No one can accuse Hawke of going Hollywood or taking the easy way out. For “Alive,” based on the true story of survivors of an andean plane crash who took to eating the flesh of dead fellow passengers, Hawke spent six months on an icy mountain glacier.

He picks projects carefully. Though “Sunrise” is a recent video store arrival, Hawke in fact finished work on the movie more than a year ago and hasn’t done any film work since. He suggests he has no film scheduled at the moment, either. “I’ve become incredibly finicky,” Hawke said.

He needs to be interested

He has been working in his home, New York City, with his own stage troupe there, Malaparte Theatre, which he co-founded with chums who include Robert Sean Leonard, co-actor on Hawke’s first and still best-earning movie, “Dead Poets Society,” in 1989–his virtual entry into show business.

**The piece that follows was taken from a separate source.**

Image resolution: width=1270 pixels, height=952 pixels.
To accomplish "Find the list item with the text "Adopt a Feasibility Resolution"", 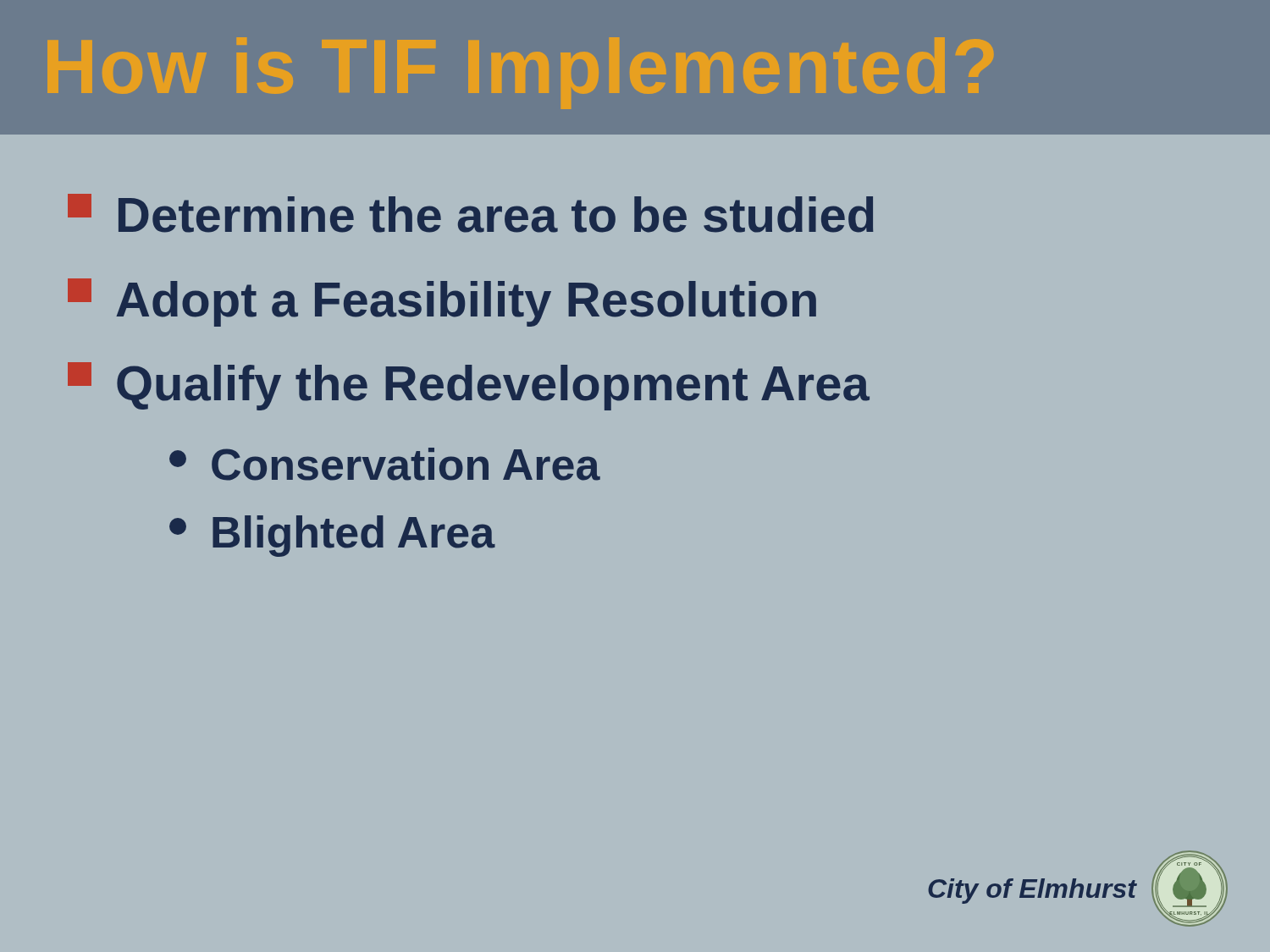I will click(x=443, y=299).

Since starting the company a few years ago, Hawke has performed in four New York productions and directed two. In conversation, he struggles with his fame and with the challenges of a young man trying to articulate ideas in a very adult world.

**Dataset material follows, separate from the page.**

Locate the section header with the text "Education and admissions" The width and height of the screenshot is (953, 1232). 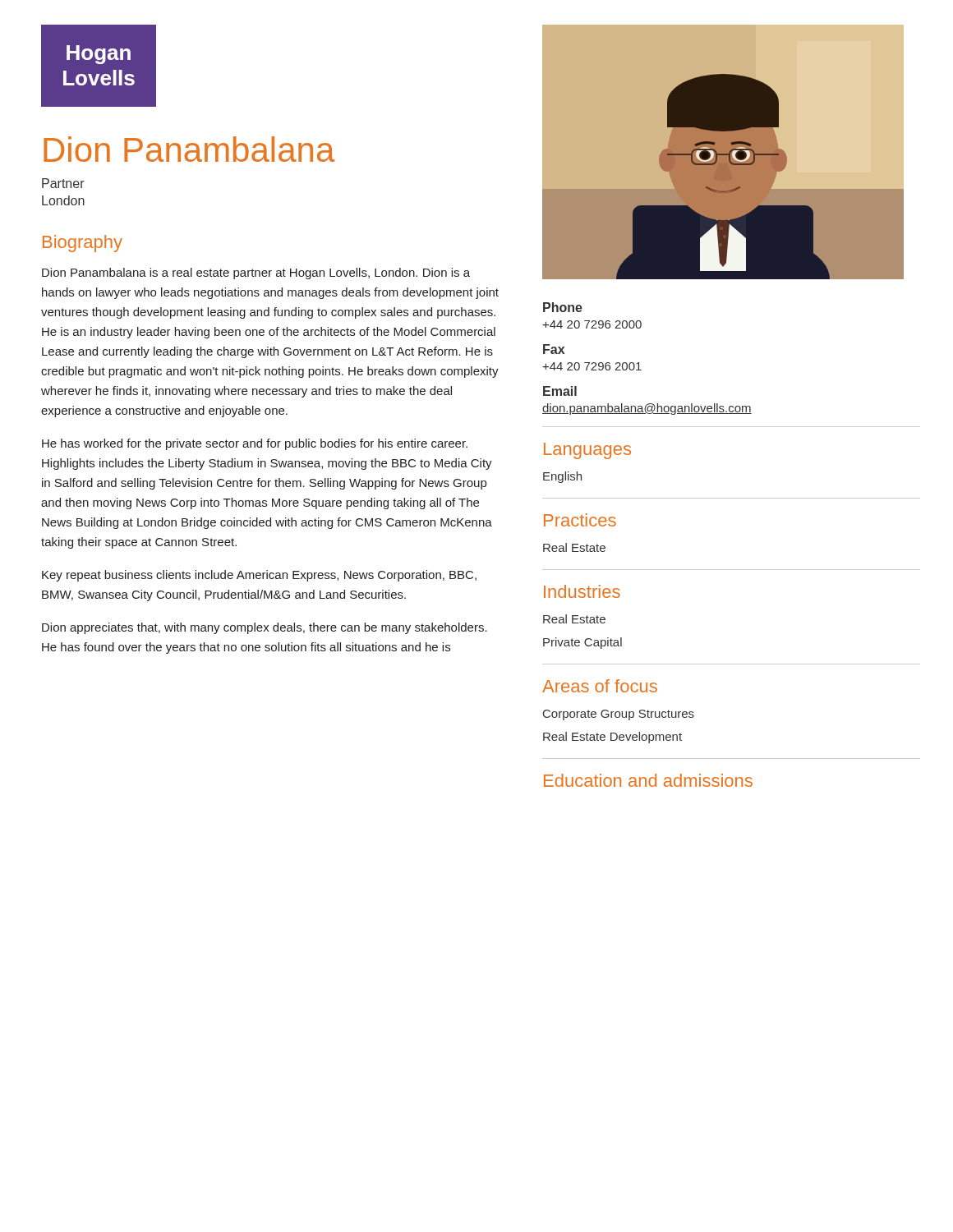click(x=731, y=781)

“I look for things that interest me,” he says. ” `Sunrise’ interested me because it was a film about just two people–that’s experimental. Lovely is a funny word to use, but that’s what the film is to me and that’s what makes it one of the favorite things I’ve been involved with. A lot of the movies that are really popular don’t really interest me, as things I’d want to dedicate my time to creating.”

He stops and laughs at himself: “God,” he says, “I can sound so incredibly pretentious.” But he has his own thoughts on commercialism: “I try not to think about box office, but it’s such a part of our national consciousness now. My theory is this is America’s way of turning everything it possibly can into a competition. `This is a good movie–it’s No. 1. This is a bad movie–it failed at the box office.’ “

Theater, instead, he says, offers minimal financial risk-anand unlimited creative possibility. He points happily to a giant window screen on stage that he rips and comes crashing through each night as part of the play’s sensational climax. Recalling the early rock-and-roll energy of the troupe he is for the moment joining, he boasts, “You should see what we do to this stage before it’s all over.”